(Dataset records)

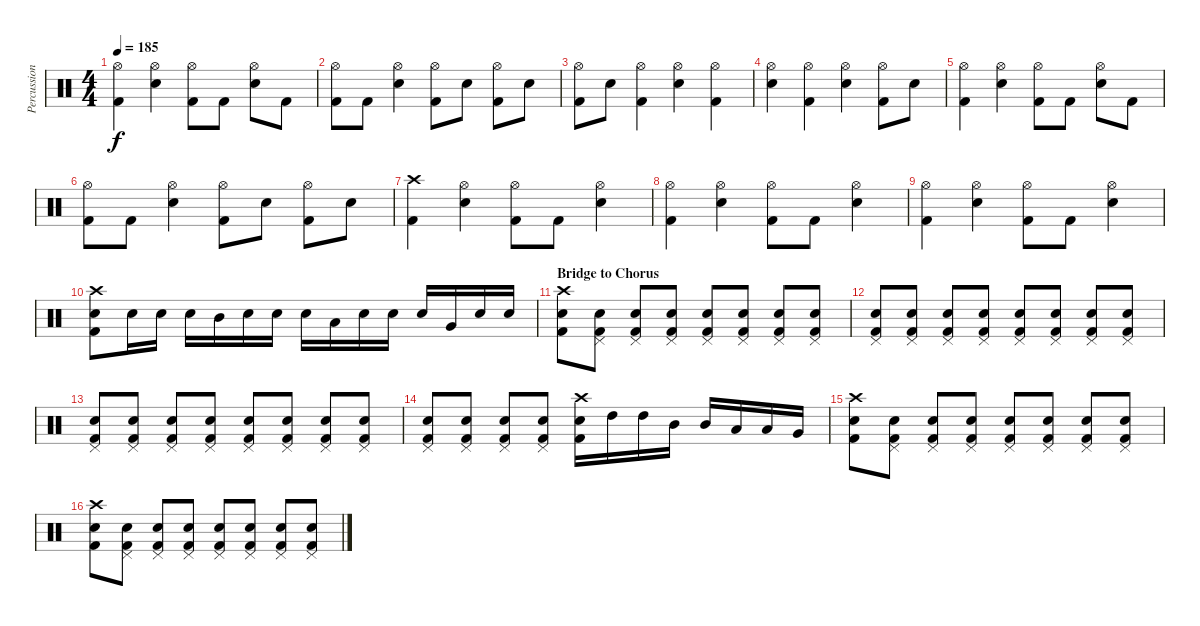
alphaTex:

\track ("Percussions" "Percussion") {instrument percussion}
\staff {score}
\articulation defaults
\ts (4 4)
\tempo 185
\clef neutral
\ks c
("Hi-Hat (open)" "Kick (hit) 2").4{dy f} ("Hi-Hat (open)" "Snare (hit) 2").4 ("Hi-Hat (open)" "Kick (hit) 2").8 "Kick (hit) 2".8 ("Hi-Hat (open)" "Snare (hit) 2").8 "Kick (hit) 2".8 |
("Hi-Hat (open)" "Kick (hit) 2").8 "Kick (hit) 2".8 ("Hi-Hat (open)" "Snare (hit) 2").4 ("Hi-Hat (open)" "Kick (hit) 2").8 "Snare (hit) 2".8 ("Hi-Hat (open)" "Kick (hit) 2").8 "Snare (hit) 2".8 |
("Hi-Hat (open)" "Kick (hit) 2").8 "Snare (hit) 2".8 ("Hi-Hat (open)" "Kick (hit) 2").4 ("Hi-Hat (open)" "Snare (hit) 2").4 ("Hi-Hat (open)" "Kick (hit) 2").4 |
("Hi-Hat (open)" "Snare (hit) 2").4 ("Hi-Hat (open)" "Kick (hit) 2").4 ("Hi-Hat (open)" "Snare (hit) 2").4 ("Hi-Hat (open)" "Kick (hit) 2").8 "Snare (hit) 2".8 |
("Hi-Hat (open)" "Kick (hit) 2").4 ("Hi-Hat (open)" "Snare (hit) 2").4 ("Hi-Hat (open)" "Kick (hit) 2").8 "Kick (hit) 2".8 ("Hi-Hat (open)" "Snare (hit) 2").8 "Kick (hit) 2".8 |
("Hi-Hat (open)" "Kick (hit) 2").8 "Kick (hit) 2".8 ("Hi-Hat (open)" "Snare (hit) 2").4 ("Hi-Hat (open)" "Kick (hit) 2").8 "Snare (hit) 2".8 ("Hi-Hat (open)" "Kick (hit) 2").8 "Snare (hit) 2".8 |
("Crash high (hit)" "Kick (hit) 2").4 ("Hi-Hat (open)" "Snare (hit) 2").4 ("Hi-Hat (open)" "Kick (hit) 2").8 "Kick (hit) 2".8 ("Hi-Hat (open)" "Snare (hit) 2").4 |
("Hi-Hat (open)" "Kick (hit) 2").4 ("Hi-Hat (open)" "Snare (hit) 2").4 ("Hi-Hat (open)" "Kick (hit) 2").8 "Kick (hit) 2".8 ("Hi-Hat (open)" "Snare (hit) 2").4 |
("Hi-Hat (open)" "Kick (hit) 2").4 ("Hi-Hat (open)" "Snare (hit) 2").4 ("Hi-Hat (open)" "Kick (hit) 2").8 "Kick (hit) 2".8 ("Hi-Hat (open)" "Snare (hit) 2").4 |
("Crash high (hit)" "Snare (hit) 2" "Kick (hit) 2").8 "Snare (hit) 2".16 "Snare (hit) 2".16 "Snare (hit) 2".16 "Mid Tom (hit)".16 "Snare (hit) 2".16 "Snare (hit) 2".16 "Snare (hit) 2".16 "Low Tom (hit)".16 "Snare (hit) 2".16 "Snare (hit) 2".16 "Snare (hit) 2".16 "Very Low Tom (hit)".16 "Snare (hit) 2".16 "Snare (hit) 2".16 |
\section ("" "Bridge to Chorus")
("Crash high (hit)" "Snare (hit) 2" "Kick (hit) 2").8 ("Pedal Hi-Hat (hit)" "Snare (hit) 2" "Kick (hit) 2").8 ("Pedal Hi-Hat (hit)" "Snare (hit) 2" "Kick (hit) 2").8 ("Pedal Hi-Hat (hit)" "Snare (hit) 2" "Kick (hit) 2").8 ("Pedal Hi-Hat (hit)" "Snare (hit) 2" "Kick (hit) 2").8 ("Pedal Hi-Hat (hit)" "Snare (hit) 2" "Kick (hit) 2").8 ("Pedal Hi-Hat (hit)" "Snare (hit) 2" "Kick (hit) 2").8 ("Pedal Hi-Hat (hit)" "Snare (hit) 2" "Kick (hit) 2").8 |
("Pedal Hi-Hat (hit)" "Snare (hit) 2" "Kick (hit) 2").8 ("Pedal Hi-Hat (hit)" "Snare (hit) 2" "Kick (hit) 2").8 ("Pedal Hi-Hat (hit)" "Snare (hit) 2" "Kick (hit) 2").8 ("Pedal Hi-Hat (hit)" "Snare (hit) 2" "Kick (hit) 2").8 ("Pedal Hi-Hat (hit)" "Snare (hit) 2" "Kick (hit) 2").8 ("Pedal Hi-Hat (hit)" "Snare (hit) 2" "Kick (hit) 2").8 ("Pedal Hi-Hat (hit)" "Snare (hit) 2" "Kick (hit) 2").8 ("Pedal Hi-Hat (hit)" "Snare (hit) 2" "Kick (hit) 2").8 |
("Pedal Hi-Hat (hit)" "Snare (hit) 2" "Kick (hit) 2").8 ("Pedal Hi-Hat (hit)" "Snare (hit) 2" "Kick (hit) 2").8 ("Pedal Hi-Hat (hit)" "Snare (hit) 2" "Kick (hit) 2").8 ("Pedal Hi-Hat (hit)" "Snare (hit) 2" "Kick (hit) 2").8 ("Pedal Hi-Hat (hit)" "Snare (hit) 2" "Kick (hit) 2").8 ("Pedal Hi-Hat (hit)" "Snare (hit) 2" "Kick (hit) 2").8 ("Pedal Hi-Hat (hit)" "Snare (hit) 2" "Kick (hit) 2").8 ("Pedal Hi-Hat (hit)" "Snare (hit) 2" "Kick (hit) 2").8 |
("Pedal Hi-Hat (hit)" "Snare (hit) 2" "Kick (hit) 2").8 ("Pedal Hi-Hat (hit)" "Snare (hit) 2" "Kick (hit) 2").8 ("Pedal Hi-Hat (hit)" "Snare (hit) 2" "Kick (hit) 2").8 ("Pedal Hi-Hat (hit)" "Snare (hit) 2" "Kick (hit) 2").8 ("Crash high (hit)" "Snare (hit) 2" "Kick (hit) 2").16 "High Tom (hit)".16 "High Tom (hit)".16 "Mid Tom (hit)".16 "Mid Tom (hit)".16 "Low Tom (hit)".16 "Low Tom (hit)".16 "Very Low Tom (hit)".16 |
("Crash high (hit)" "Snare (hit) 2" "Kick (hit) 2").8 ("Pedal Hi-Hat (hit)" "Snare (hit) 2" "Kick (hit) 2").8 ("Pedal Hi-Hat (hit)" "Snare (hit) 2" "Kick (hit) 2").8 ("Pedal Hi-Hat (hit)" "Snare (hit) 2" "Kick (hit) 2").8 ("Pedal Hi-Hat (hit)" "Snare (hit) 2" "Kick (hit) 2").8 ("Pedal Hi-Hat (hit)" "Snare (hit) 2" "Kick (hit) 2").8 ("Pedal Hi-Hat (hit)" "Snare (hit) 2" "Kick (hit) 2").8 ("Pedal Hi-Hat (hit)" "Snare (hit) 2" "Kick (hit) 2").8 |
("Crash high (hit)" "Snare (hit) 2" "Kick (hit) 2").8 ("Pedal Hi-Hat (hit)" "Snare (hit) 2" "Kick (hit) 2").8 ("Pedal Hi-Hat (hit)" "Snare (hit) 2" "Kick (hit) 2").8 ("Pedal Hi-Hat (hit)" "Snare (hit) 2" "Kick (hit) 2").8 ("Pedal Hi-Hat (hit)" "Snare (hit) 2" "Kick (hit) 2").8 ("Pedal Hi-Hat (hit)" "Snare (hit) 2" "Kick (hit) 2").8 ("Pedal Hi-Hat (hit)" "Snare (hit) 2" "Kick (hit) 2").8 ("Pedal Hi-Hat (hit)" "Snare (hit) 2" "Kick (hit) 2").8

• **Task brief**:
Print each entry exactly, leaving pictures out.

• **Solution for this exercise**:
alphaTex:

\track ("Percussions" "Percussion") {instrument percussion}
\staff {score}
\articulation defaults
\ts (4 4)
\tempo 185
\clef neutral
\ks c
("Hi-Hat (open)" "Kick (hit) 2").4{dy f} ("Hi-Hat (open)" "Snare (hit) 2").4 ("Hi-Hat (open)" "Kick (hit) 2").8 "Kick (hit) 2".8 ("Hi-Hat (open)" "Snare (hit) 2").8 "Kick (hit) 2".8 |
("Hi-Hat (open)" "Kick (hit) 2").8 "Kick (hit) 2".8 ("Hi-Hat (open)" "Snare (hit) 2").4 ("Hi-Hat (open)" "Kick (hit) 2").8 "Snare (hit) 2".8 ("Hi-Hat (open)" "Kick (hit) 2").8 "Snare (hit) 2".8 |
("Hi-Hat (open)" "Kick (hit) 2").8 "Snare (hit) 2".8 ("Hi-Hat (open)" "Kick (hit) 2").4 ("Hi-Hat (open)" "Snare (hit) 2").4 ("Hi-Hat (open)" "Kick (hit) 2").4 |
("Hi-Hat (open)" "Snare (hit) 2").4 ("Hi-Hat (open)" "Kick (hit) 2").4 ("Hi-Hat (open)" "Snare (hit) 2").4 ("Hi-Hat (open)" "Kick (hit) 2").8 "Snare (hit) 2".8 |
("Hi-Hat (open)" "Kick (hit) 2").4 ("Hi-Hat (open)" "Snare (hit) 2").4 ("Hi-Hat (open)" "Kick (hit) 2").8 "Kick (hit) 2".8 ("Hi-Hat (open)" "Snare (hit) 2").8 "Kick (hit) 2".8 |
("Hi-Hat (open)" "Kick (hit) 2").8 "Kick (hit) 2".8 ("Hi-Hat (open)" "Snare (hit) 2").4 ("Hi-Hat (open)" "Kick (hit) 2").8 "Snare (hit) 2".8 ("Hi-Hat (open)" "Kick (hit) 2").8 "Snare (hit) 2".8 |
("Crash high (hit)" "Kick (hit) 2").4 ("Hi-Hat (open)" "Snare (hit) 2").4 ("Hi-Hat (open)" "Kick (hit) 2").8 "Kick (hit) 2".8 ("Hi-Hat (open)" "Snare (hit) 2").4 |
("Hi-Hat (open)" "Kick (hit) 2").4 ("Hi-Hat (open)" "Snare (hit) 2").4 ("Hi-Hat (open)" "Kick (hit) 2").8 "Kick (hit) 2".8 ("Hi-Hat (open)" "Snare (hit) 2").4 |
("Hi-Hat (open)" "Kick (hit) 2").4 ("Hi-Hat (open)" "Snare (hit) 2").4 ("Hi-Hat (open)" "Kick (hit) 2").8 "Kick (hit) 2".8 ("Hi-Hat (open)" "Snare (hit) 2").4 |
("Crash high (hit)" "Snare (hit) 2" "Kick (hit) 2").8 "Snare (hit) 2".16 "Snare (hit) 2".16 "Snare (hit) 2".16 "Mid Tom (hit)".16 "Snare (hit) 2".16 "Snare (hit) 2".16 "Snare (hit) 2".16 "Low Tom (hit)".16 "Snare (hit) 2".16 "Snare (hit) 2".16 "Snare (hit) 2".16 "Very Low Tom (hit)".16 "Snare (hit) 2".16 "Snare (hit) 2".16 |
\section ("" "Bridge to Chorus")
("Crash high (hit)" "Snare (hit) 2" "Kick (hit) 2").8 ("Pedal Hi-Hat (hit)" "Snare (hit) 2" "Kick (hit) 2").8 ("Pedal Hi-Hat (hit)" "Snare (hit) 2" "Kick (hit) 2").8 ("Pedal Hi-Hat (hit)" "Snare (hit) 2" "Kick (hit) 2").8 ("Pedal Hi-Hat (hit)" "Snare (hit) 2" "Kick (hit) 2").8 ("Pedal Hi-Hat (hit)" "Snare (hit) 2" "Kick (hit) 2").8 ("Pedal Hi-Hat (hit)" "Snare (hit) 2" "Kick (hit) 2").8 ("Pedal Hi-Hat (hit)" "Snare (hit) 2" "Kick (hit) 2").8 |
("Pedal Hi-Hat (hit)" "Snare (hit) 2" "Kick (hit) 2").8 ("Pedal Hi-Hat (hit)" "Snare (hit) 2" "Kick (hit) 2").8 ("Pedal Hi-Hat (hit)" "Snare (hit) 2" "Kick (hit) 2").8 ("Pedal Hi-Hat (hit)" "Snare (hit) 2" "Kick (hit) 2").8 ("Pedal Hi-Hat (hit)" "Snare (hit) 2" "Kick (hit) 2").8 ("Pedal Hi-Hat (hit)" "Snare (hit) 2" "Kick (hit) 2").8 ("Pedal Hi-Hat (hit)" "Snare (hit) 2" "Kick (hit) 2").8 ("Pedal Hi-Hat (hit)" "Snare (hit) 2" "Kick (hit) 2").8 |
("Pedal Hi-Hat (hit)" "Snare (hit) 2" "Kick (hit) 2").8 ("Pedal Hi-Hat (hit)" "Snare (hit) 2" "Kick (hit) 2").8 ("Pedal Hi-Hat (hit)" "Snare (hit) 2" "Kick (hit) 2").8 ("Pedal Hi-Hat (hit)" "Snare (hit) 2" "Kick (hit) 2").8 ("Pedal Hi-Hat (hit)" "Snare (hit) 2" "Kick (hit) 2").8 ("Pedal Hi-Hat (hit)" "Snare (hit) 2" "Kick (hit) 2").8 ("Pedal Hi-Hat (hit)" "Snare (hit) 2" "Kick (hit) 2").8 ("Pedal Hi-Hat (hit)" "Snare (hit) 2" "Kick (hit) 2").8 |
("Pedal Hi-Hat (hit)" "Snare (hit) 2" "Kick (hit) 2").8 ("Pedal Hi-Hat (hit)" "Snare (hit) 2" "Kick (hit) 2").8 ("Pedal Hi-Hat (hit)" "Snare (hit) 2" "Kick (hit) 2").8 ("Pedal Hi-Hat (hit)" "Snare (hit) 2" "Kick (hit) 2").8 ("Crash high (hit)" "Snare (hit) 2" "Kick (hit) 2").16 "High Tom (hit)".16 "High Tom (hit)".16 "Mid Tom (hit)".16 "Mid Tom (hit)".16 "Low Tom (hit)".16 "Low Tom (hit)".16 "Very Low Tom (hit)".16 |
("Crash high (hit)" "Snare (hit) 2" "Kick (hit) 2").8 ("Pedal Hi-Hat (hit)" "Snare (hit) 2" "Kick (hit) 2").8 ("Pedal Hi-Hat (hit)" "Snare (hit) 2" "Kick (hit) 2").8 ("Pedal Hi-Hat (hit)" "Snare (hit) 2" "Kick (hit) 2").8 ("Pedal Hi-Hat (hit)" "Snare (hit) 2" "Kick (hit) 2").8 ("Pedal Hi-Hat (hit)" "Snare (hit) 2" "Kick (hit) 2").8 ("Pedal Hi-Hat (hit)" "Snare (hit) 2" "Kick (hit) 2").8 ("Pedal Hi-Hat (hit)" "Snare (hit) 2" "Kick (hit) 2").8 |
("Crash high (hit)" "Snare (hit) 2" "Kick (hit) 2").8 ("Pedal Hi-Hat (hit)" "Snare (hit) 2" "Kick (hit) 2").8 ("Pedal Hi-Hat (hit)" "Snare (hit) 2" "Kick (hit) 2").8 ("Pedal Hi-Hat (hit)" "Snare (hit) 2" "Kick (hit) 2").8 ("Pedal Hi-Hat (hit)" "Snare (hit) 2" "Kick (hit) 2").8 ("Pedal Hi-Hat (hit)" "Snare (hit) 2" "Kick (hit) 2").8 ("Pedal Hi-Hat (hit)" "Snare (hit) 2" "Kick (hit) 2").8 ("Pedal Hi-Hat (hit)" "Snare (hit) 2" "Kick (hit) 2").8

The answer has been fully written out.